_Exercise requirements_
Every record that follows must be duplicated exactly, with images left out.

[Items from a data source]
□ □ □
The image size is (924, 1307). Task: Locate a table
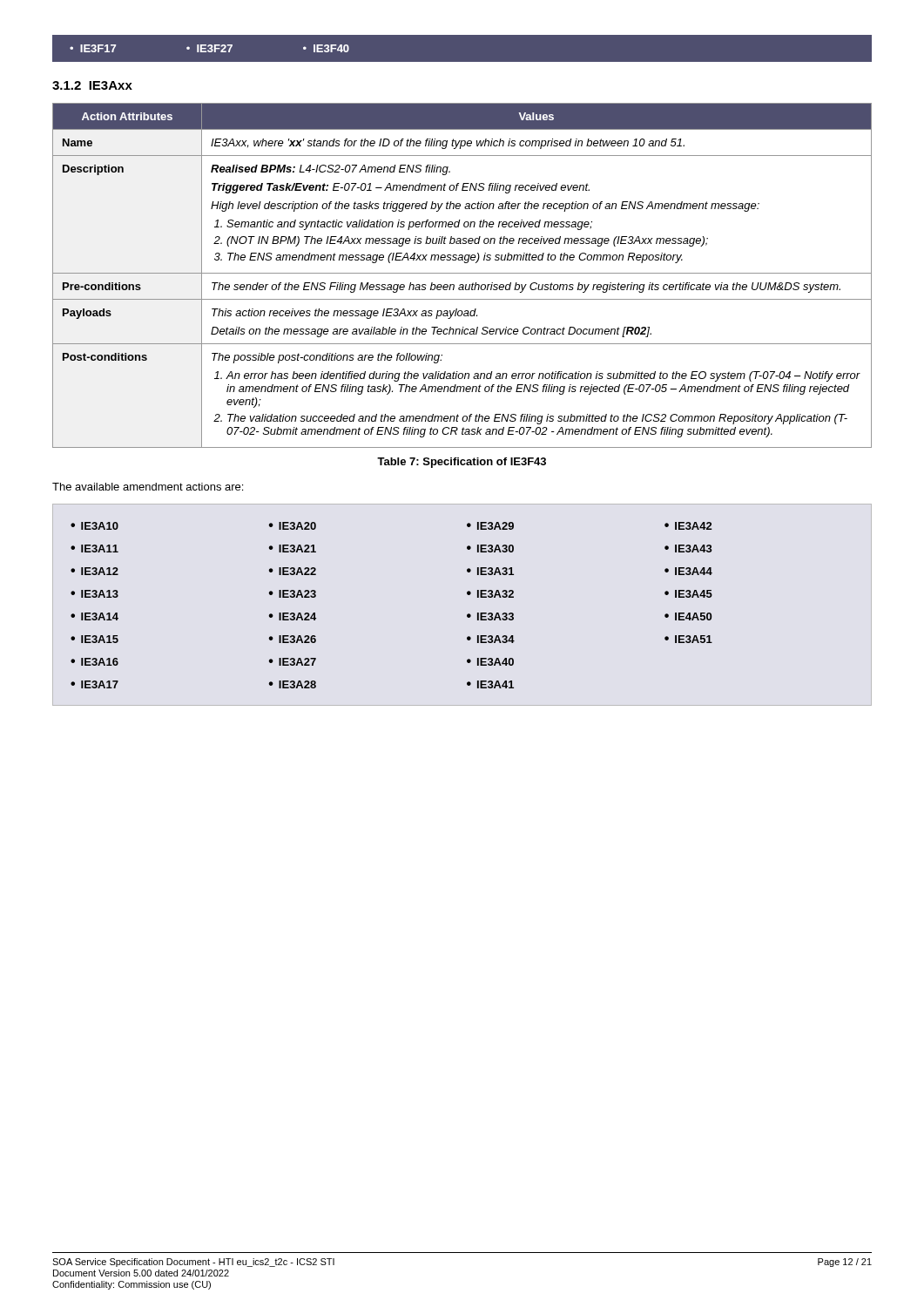462,275
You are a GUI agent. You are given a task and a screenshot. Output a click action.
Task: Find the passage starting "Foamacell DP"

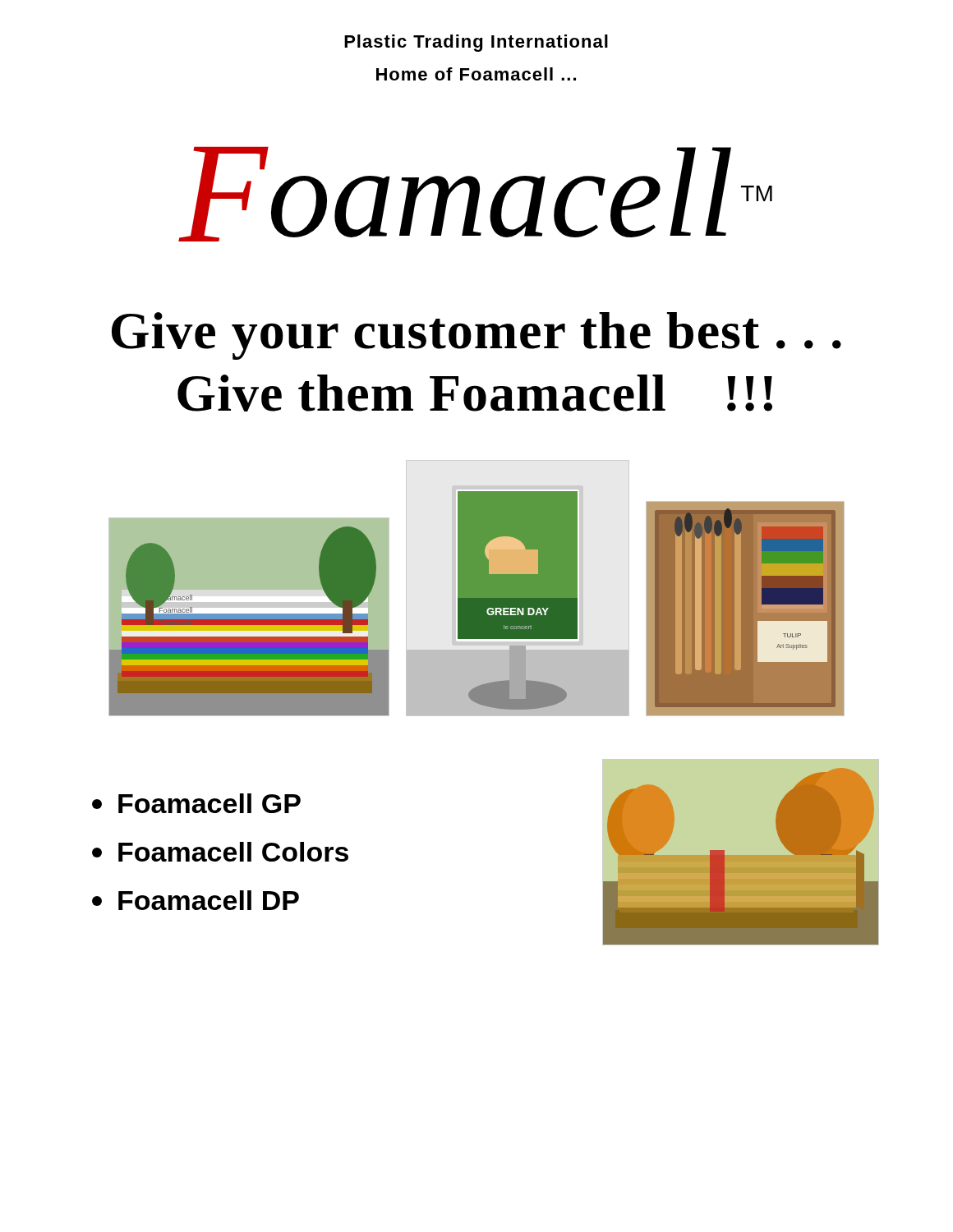(x=195, y=901)
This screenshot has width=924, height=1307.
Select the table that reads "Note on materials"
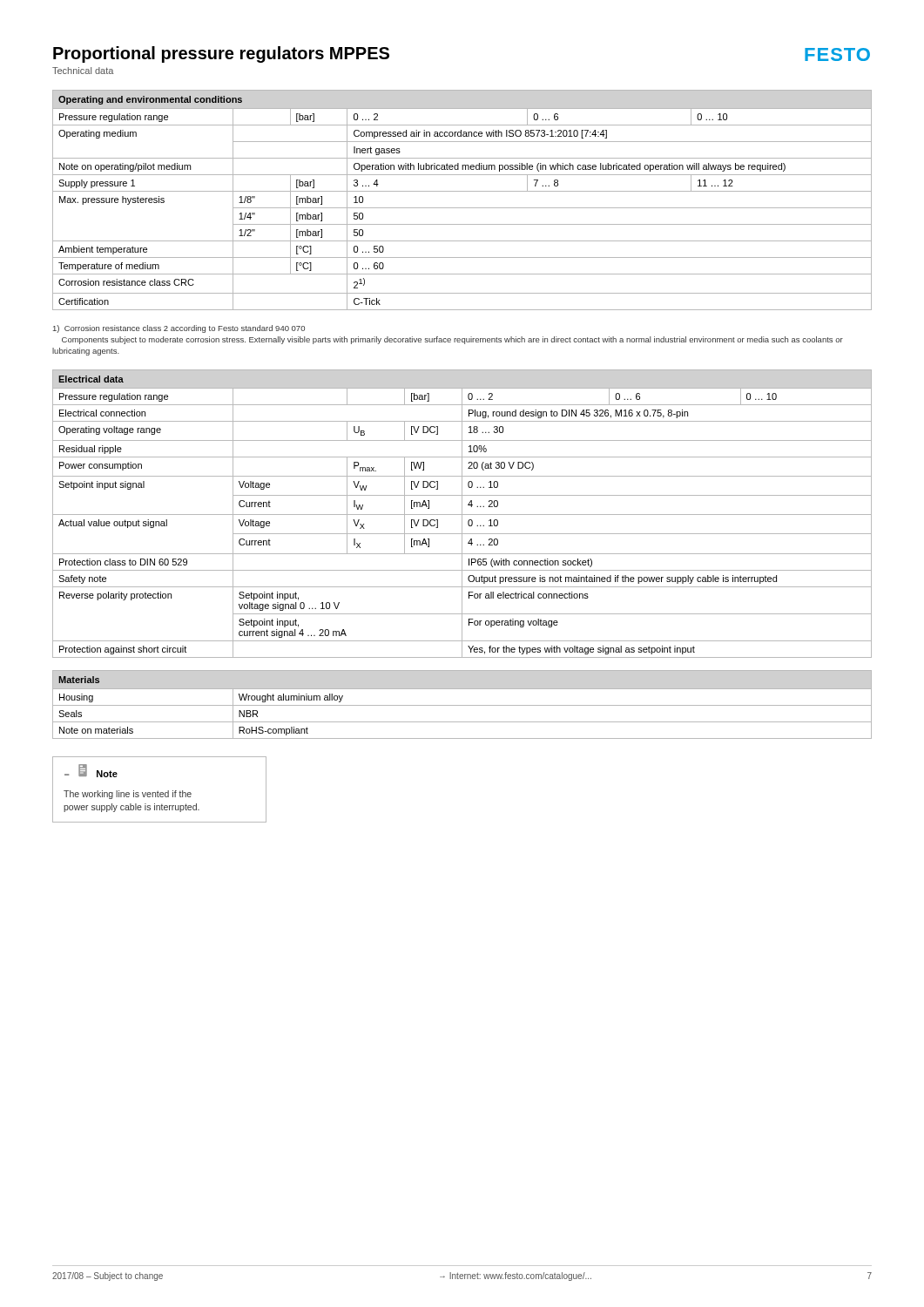[462, 704]
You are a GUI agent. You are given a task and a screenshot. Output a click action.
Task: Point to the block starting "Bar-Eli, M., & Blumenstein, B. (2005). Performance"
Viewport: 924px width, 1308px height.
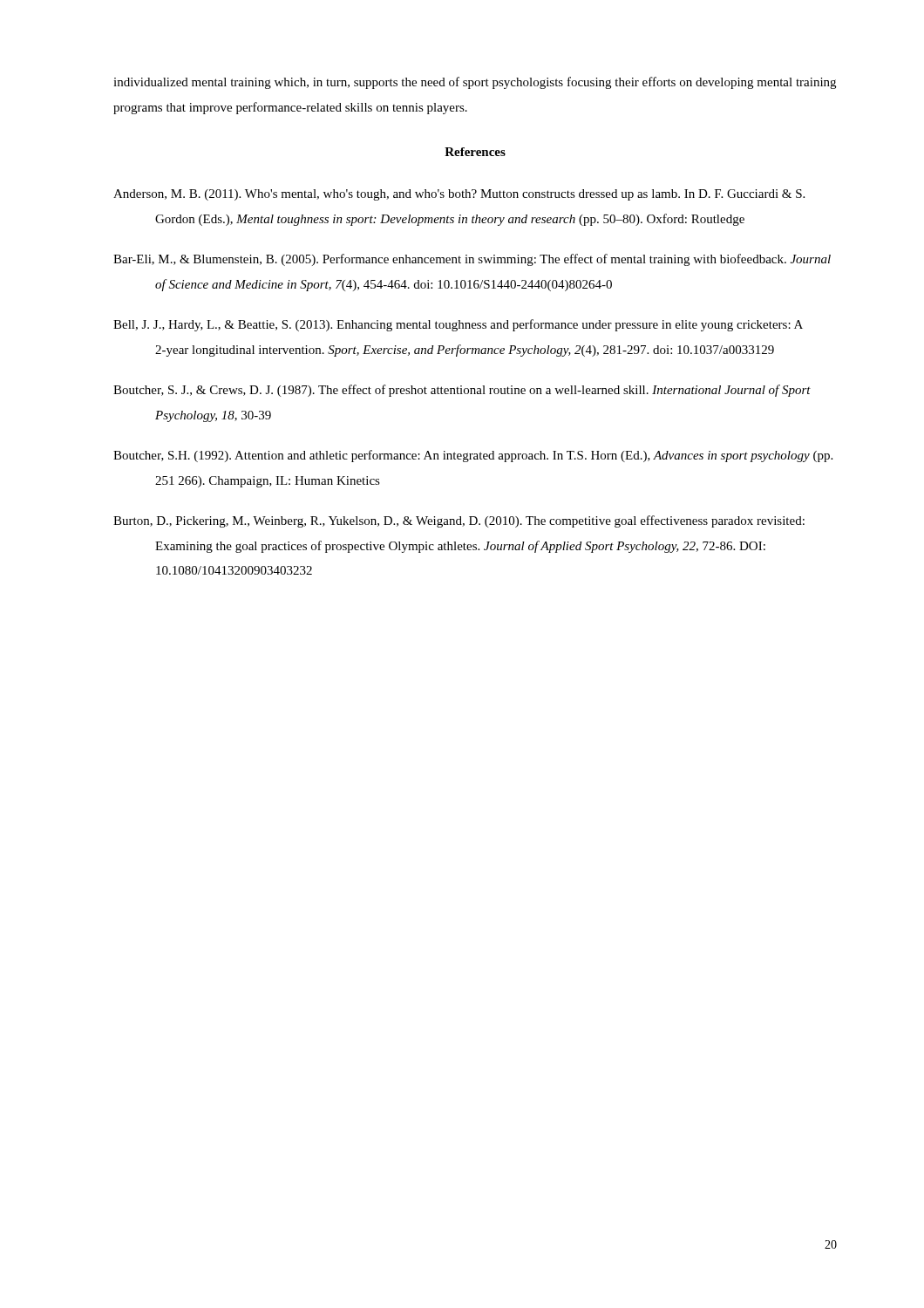click(x=472, y=271)
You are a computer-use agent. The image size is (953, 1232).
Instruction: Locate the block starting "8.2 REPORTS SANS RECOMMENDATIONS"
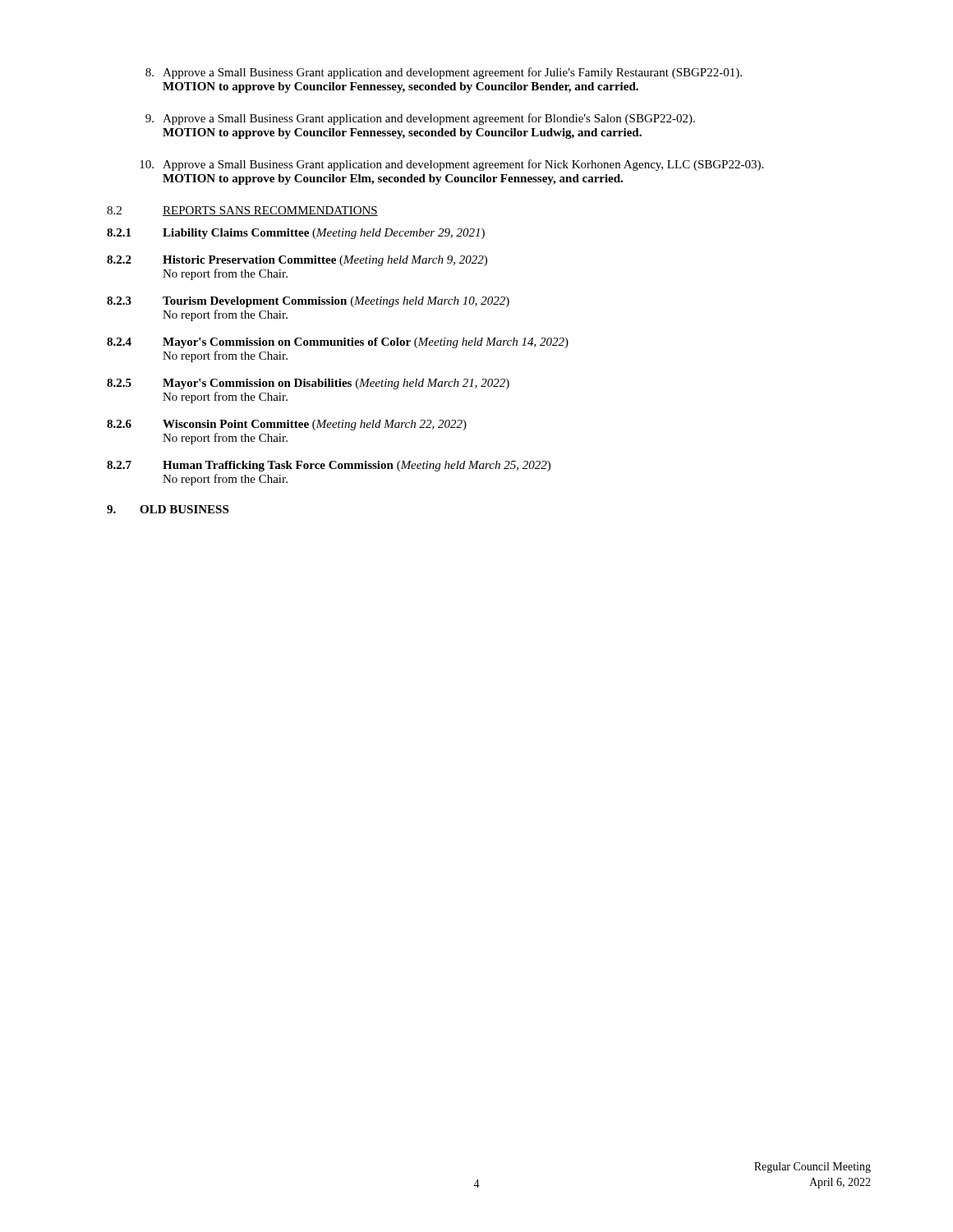click(x=242, y=211)
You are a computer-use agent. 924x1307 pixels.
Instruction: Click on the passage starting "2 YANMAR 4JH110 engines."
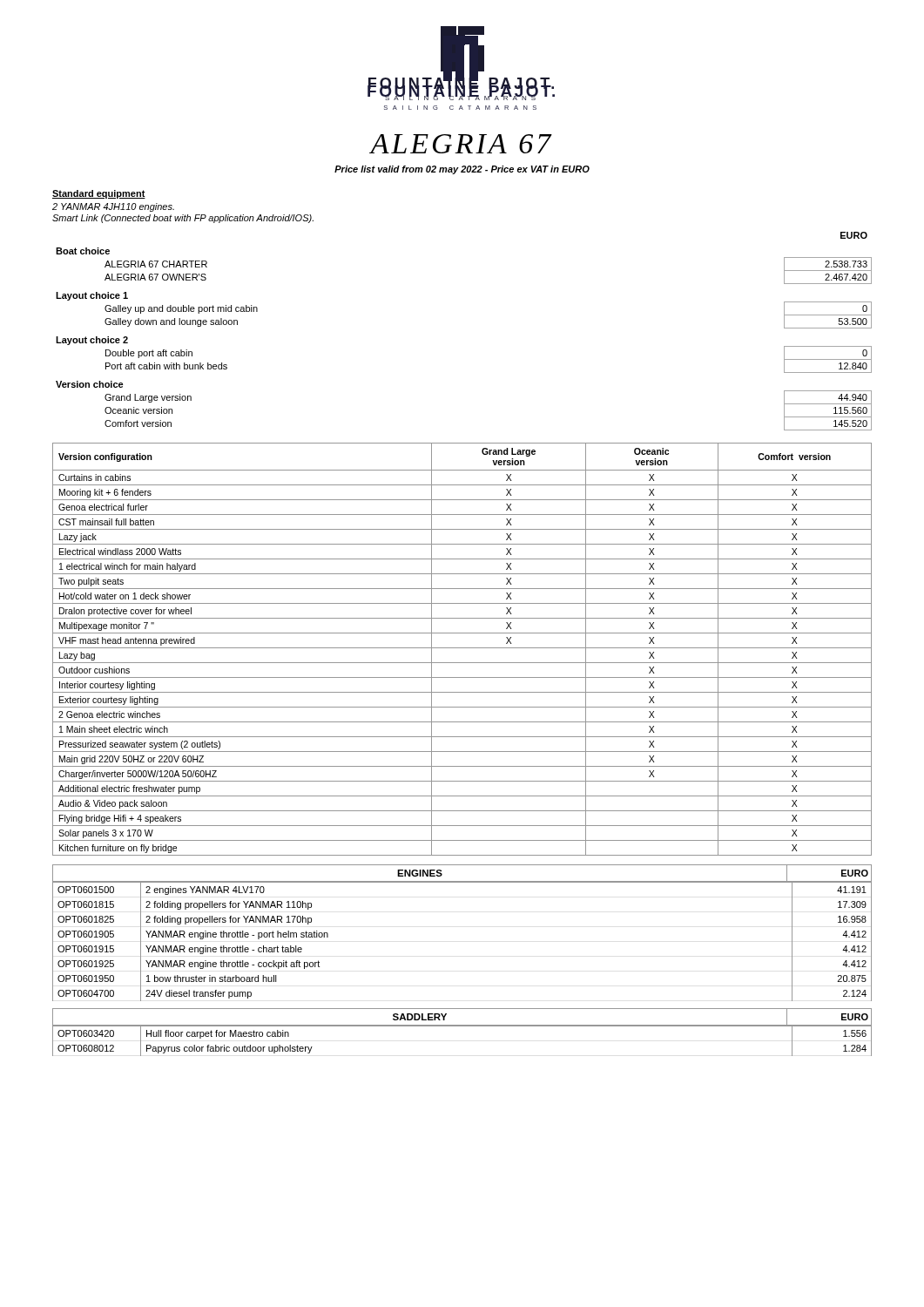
□ □ □
_Expected answer_
The image size is (924, 1307). Task: Locate a table
462,275
You are a GUI agent. You are given a task and a screenshot. Output a click action.
Task: Find the passage starting "Foamacell DP"

(x=195, y=901)
This screenshot has width=924, height=1307.
Select the table that reads "Note on materials"
[462, 704]
You are a GUI agent. You are given a task and a screenshot. Output a click action.
Task: Point to the block starting "Bar-Eli, M., & Blumenstein, B. (2005). Performance"
Viewport: 924px width, 1308px height.
click(x=472, y=271)
You are a computer-use agent. The image size is (953, 1232).
Instruction: Locate the block starting "8.2 REPORTS SANS RECOMMENDATIONS"
click(x=242, y=211)
You are a computer-use agent. 924x1307 pixels.
Instruction: Click on the passage starting "2 YANMAR 4JH110 engines."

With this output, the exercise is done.